Lloyd-Jones (2002:6 = 2003:25n41), in his newly acquired eagerness to learn from “Pisander” about the contents of the Oedipodeia (see page 3 above), suggested that Σ Euripides Phoenician Women 854 = Peisander FGrHist 16 F9, naming the offspring of Tiresias and Xanthe as Phanemus, Pherecydes, Chloris, and Manto, was “more likely to come from epic than from a tragedy, and may well come from” that poem. But the Epigoni is another possibility. For other sources that name some of these offspring see Jacoby ad loc. p. 495. {113|114}

Spurium

Kirchoff’s attribution of the two hexameters to our epic was approved by Dindorf (Poetae Scenici Graeci [London 1830] 5); H. F. Genthe and F. T. Ellendt (Lexicon Sophocleum [Berlin 1872]), e.g., s.v. ποτιμάστιος (p. 649); and Nauck (Mélanges gréco-romains 375), who was, however, perturbed by the disyllabic form κοἴλός, which would be unusual for epic. {114|}

Footnotes

[ back ] 1. K. O. Müller, GGL 14 p. 117 = Engl. trans. 1.96; Bethe 1891:89n16, 122, etc.

[ back ] 2. Similarly Wilamowitz 1914:104.

[ back ] 3. See page 29 above. I can detect no merit or plausibility in Wecklein’s attempt at a compromise, which presents us with a composition “… teils gesondert, teils in Verbindung mit der Thebais verbreitet” (Sitzungsberichte der Philosophisch-philologischen und der Historischen Classe des Königlich Bayerische Akademie der Wissenschaften 5 [1901]: 678).

[ back ] 4. Cf. Wilamowitz 1914:104: “es gab eine Forsetzung, die Epigonen…”
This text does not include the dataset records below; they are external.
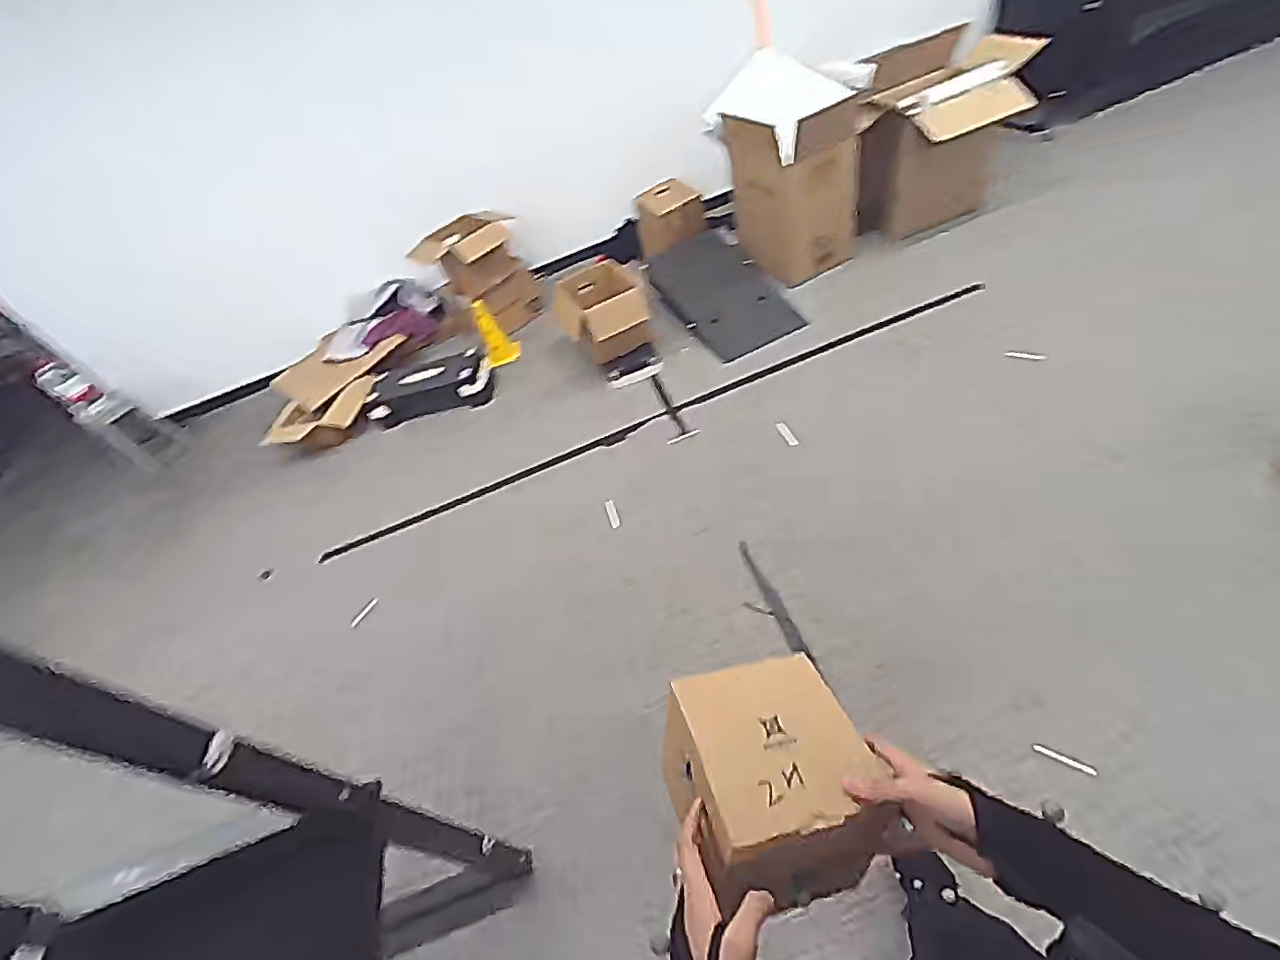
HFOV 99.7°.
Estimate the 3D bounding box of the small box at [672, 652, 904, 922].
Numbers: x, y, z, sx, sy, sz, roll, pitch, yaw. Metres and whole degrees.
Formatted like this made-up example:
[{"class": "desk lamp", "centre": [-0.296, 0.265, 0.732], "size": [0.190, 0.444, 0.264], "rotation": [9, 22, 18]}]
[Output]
[{"class": "small box", "centre": [0.136, 0.316, 0.576], "size": [0.168, 0.176, 0.179], "rotation": [-5, 31, -12]}]
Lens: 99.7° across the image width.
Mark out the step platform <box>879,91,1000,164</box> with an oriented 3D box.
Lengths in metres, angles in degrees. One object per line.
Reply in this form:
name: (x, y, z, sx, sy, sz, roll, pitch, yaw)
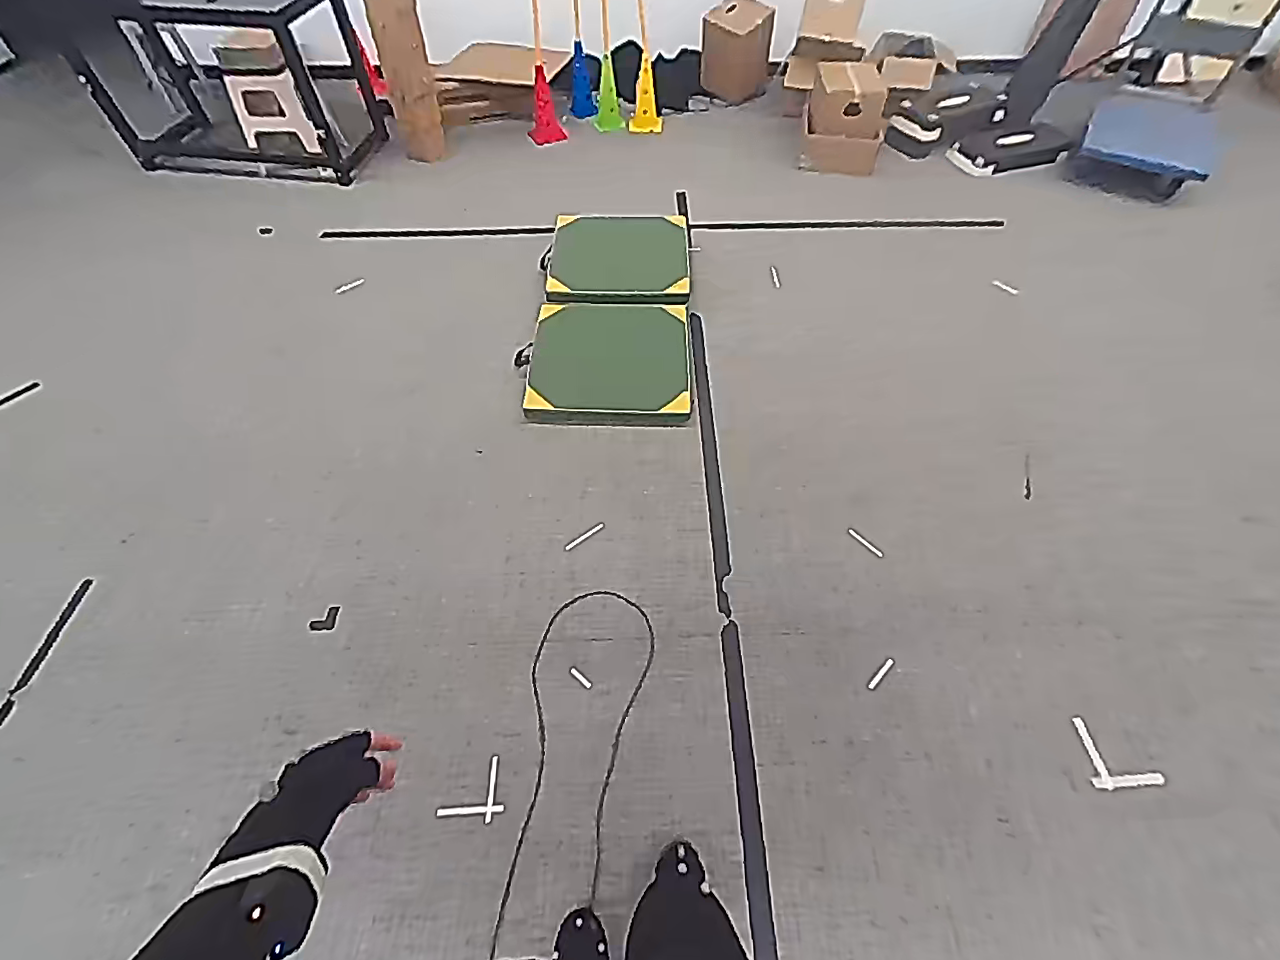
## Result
step platform: (1.763, -2.077, 3.176, 0.684, 0.204, 0.286, -25, 59, -17)
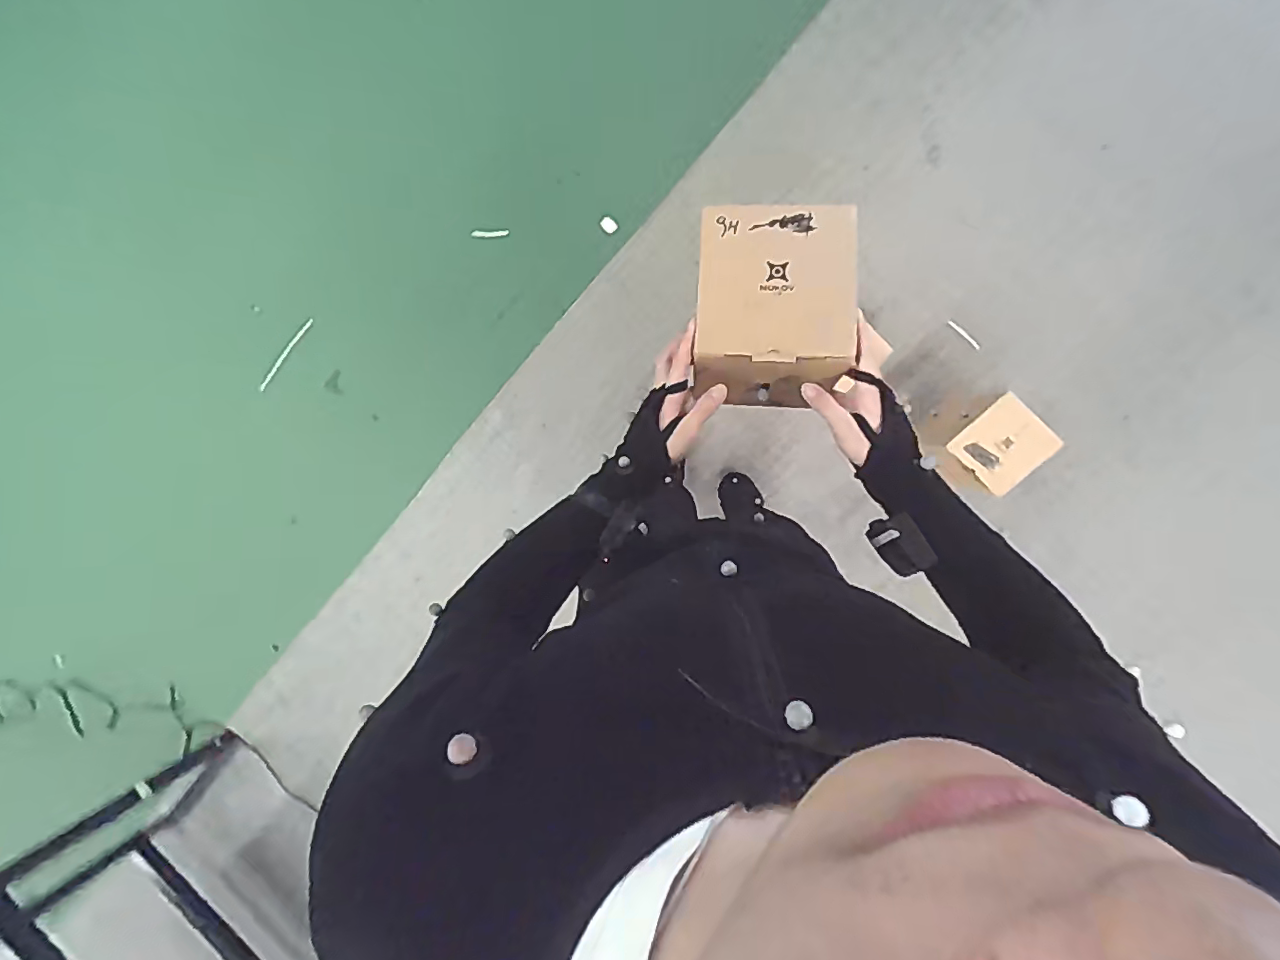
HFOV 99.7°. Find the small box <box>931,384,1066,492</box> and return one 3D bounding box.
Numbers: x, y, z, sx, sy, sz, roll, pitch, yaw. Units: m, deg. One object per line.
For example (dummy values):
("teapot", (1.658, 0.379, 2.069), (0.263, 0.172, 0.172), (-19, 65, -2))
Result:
("small box", (0.805, -0.096, 1.245), (0.179, 0.176, 0.168), (-44, 87, 11))

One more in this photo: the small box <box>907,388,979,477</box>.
("small box", (0.835, -0.117, 1.405), (0.179, 0.176, 0.168), (45, 102, 3))

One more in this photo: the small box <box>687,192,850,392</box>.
("small box", (0.144, -0.209, 0.646), (0.168, 0.176, 0.179), (2, 82, 6))
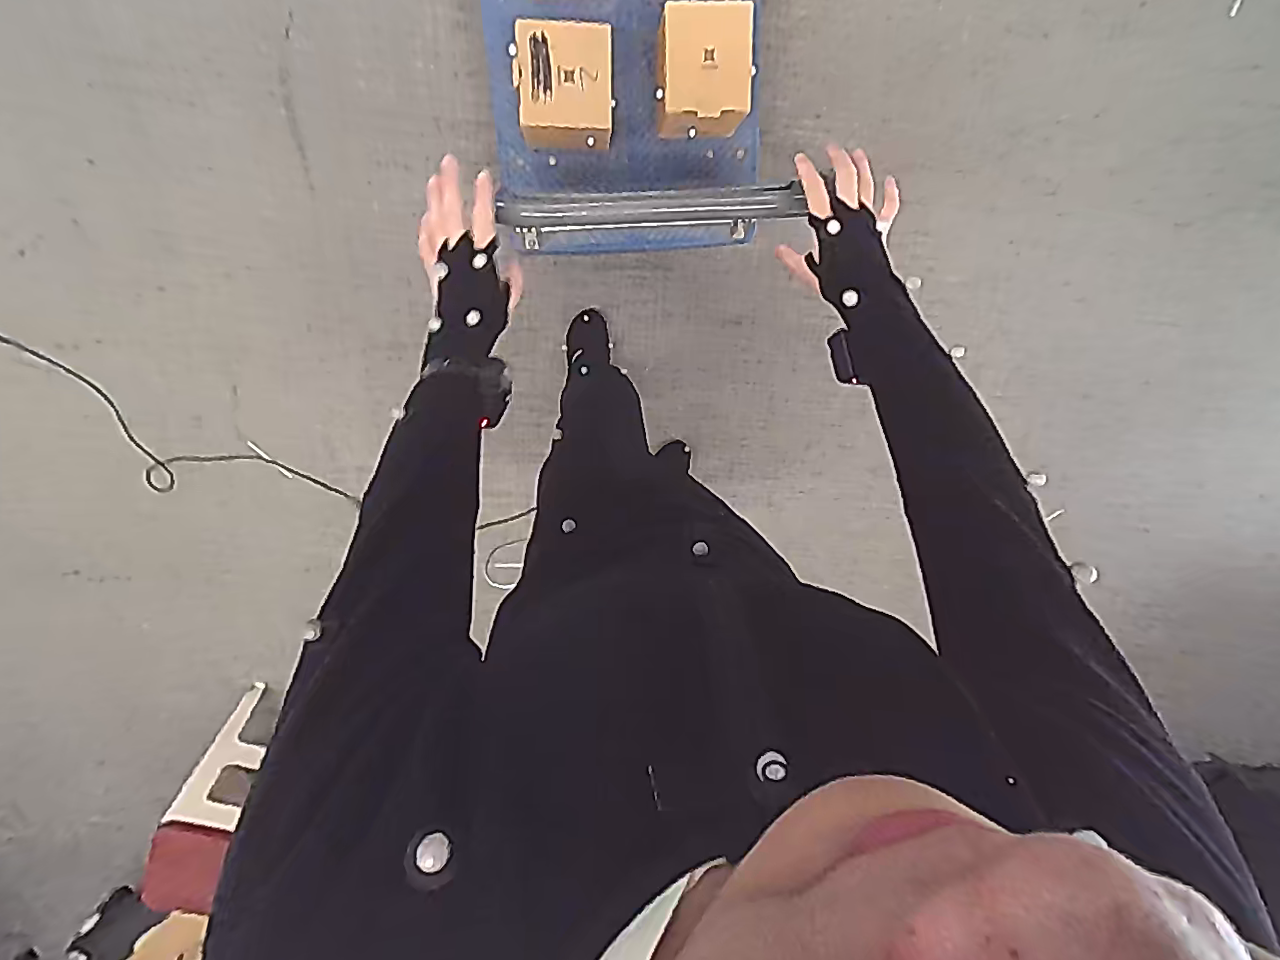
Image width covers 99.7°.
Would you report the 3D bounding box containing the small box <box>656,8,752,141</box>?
[{"bbox_3d":[0.124,-0.819,1.107,0.168,0.176,0.179,-4,109,-3],"label":"small box"}]

[ back ] 5. E.g. Aeschylus in his Seven Against Thebes (cf. Dawe, “The End of Seven Against Thebes,” Classical Quarterly 17 [1967]: 19–21; Lloyd-Jones, Justice of Zeus p. 214 [n. on p. 90], and Hutchinson on Aeschylus Seven Against Thebes [Oxford 1985] 749 and 903).

[ back ] 6. Dreadful confusion in J. A. Scott, “Homer as the Poet of the Thebais,” Classical Philology 16 (1921): 21: “Horace [sic] refers to [Antimachus of Colophon] as scriptor cyclicus in Ars Poet. 142.”

[ back ] 7. So too Huxley (1969:47: “this is a loose way [!] of referring to the Theban cycle as a whole”).